##### Dataset records
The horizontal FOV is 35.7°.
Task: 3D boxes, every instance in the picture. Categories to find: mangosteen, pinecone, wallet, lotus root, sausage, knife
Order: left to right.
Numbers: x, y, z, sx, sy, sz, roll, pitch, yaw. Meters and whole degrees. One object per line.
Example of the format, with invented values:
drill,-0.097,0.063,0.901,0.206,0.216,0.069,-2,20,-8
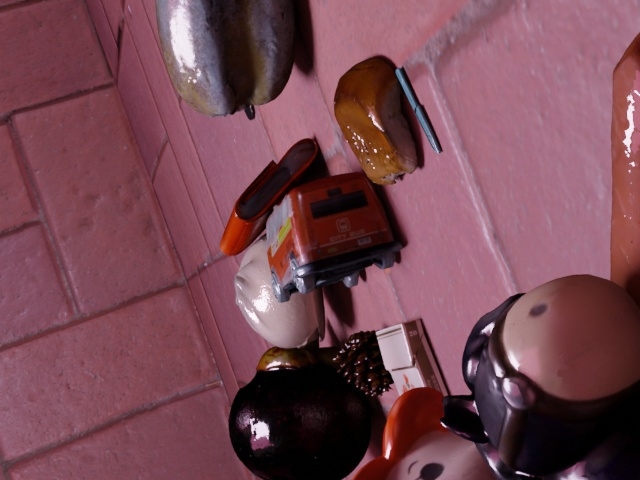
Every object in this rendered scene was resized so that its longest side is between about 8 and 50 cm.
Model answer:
lotus root,-0.110,-0.293,1.109,0.140,0.158,0.322,-123,25,-52
wallet,-0.072,-0.054,1.314,0.045,0.142,0.204,43,163,1
mangosteen,-0.025,0.235,1.445,0.211,0.211,0.250,109,171,-67
pinecone,0.060,0.151,1.221,0.083,0.077,0.077,54,161,16
knife,0.089,-0.118,0.898,0.014,0.005,0.091,111,137,-71
sausage,0.188,-0.040,0.533,0.065,0.065,0.169,-132,27,-56

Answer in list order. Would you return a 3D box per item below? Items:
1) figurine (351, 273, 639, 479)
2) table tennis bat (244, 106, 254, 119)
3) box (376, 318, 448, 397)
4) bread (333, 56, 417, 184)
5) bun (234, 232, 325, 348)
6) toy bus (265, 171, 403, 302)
figurine,0.158,0.188,0.612,0.306,0.241,0.411,42,155,17
table tennis bat,-0.110,-0.210,1.503,0.083,0.007,0.050,138,112,-76
box,0.121,0.189,1.133,0.109,0.029,0.198,140,109,-74
bread,0.050,-0.114,0.976,0.126,0.044,0.129,70,162,-3
bun,-0.061,0.066,1.378,0.173,0.120,0.172,-7,-90,-87
toy bus,0.000,0.000,1.171,0.265,0.121,0.119,139,115,-77
##########
When a line above contains the string "object", copy that line.

**Solution for this problem:**
Numbers: x, y, z, sx, sy, sz, roll, pitch, yaw. Meters and whole degrees. One object per line.
Every object in this rendered scene was resized so that its longest side is between about 8 and 50 cm.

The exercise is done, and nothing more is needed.